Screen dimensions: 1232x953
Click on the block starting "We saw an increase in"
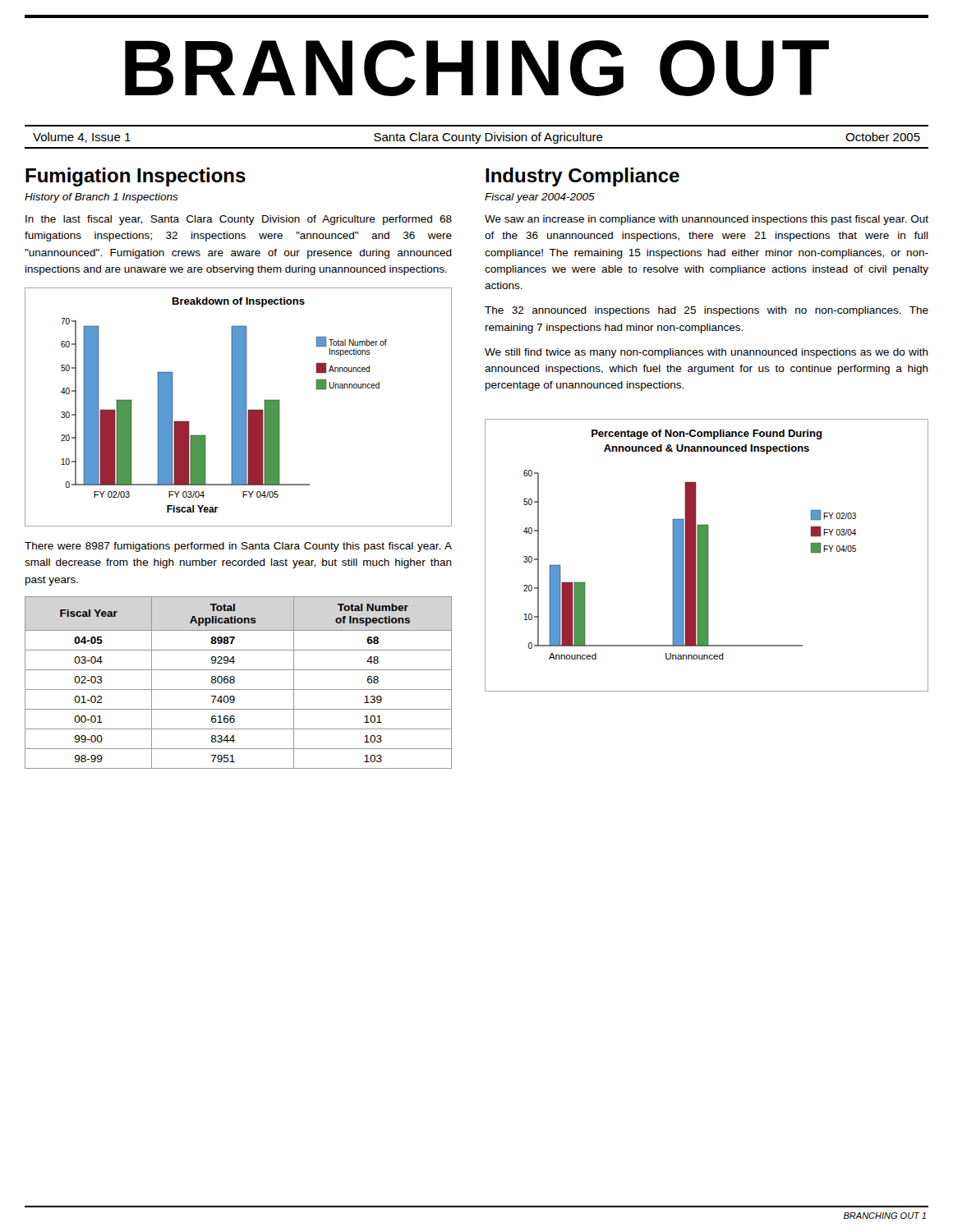coord(707,252)
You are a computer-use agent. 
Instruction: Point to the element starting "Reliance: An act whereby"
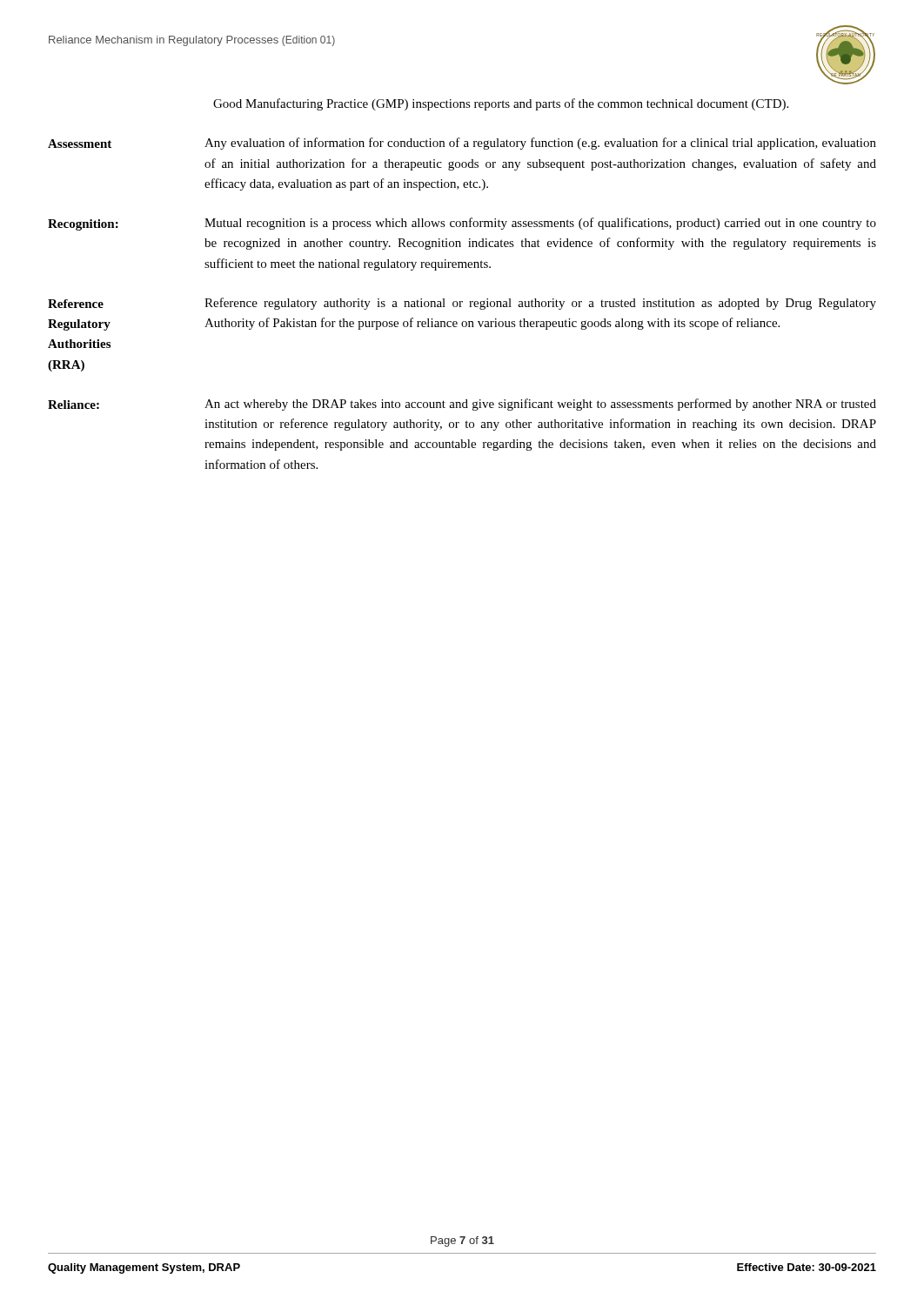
+ + + + + + +
## WHAT YOU SHOULD DO
The expected answer is the lines from the one that has "Click on the" to the end of the listing, transcribed exactly, with pictures left out and no other line added.

## ANSWER BOX
Click on the block starting "We saw an increase in"
coord(707,252)
You are a computer-use agent. 
Instruction: Point to the element starting "Reliance: An act whereby"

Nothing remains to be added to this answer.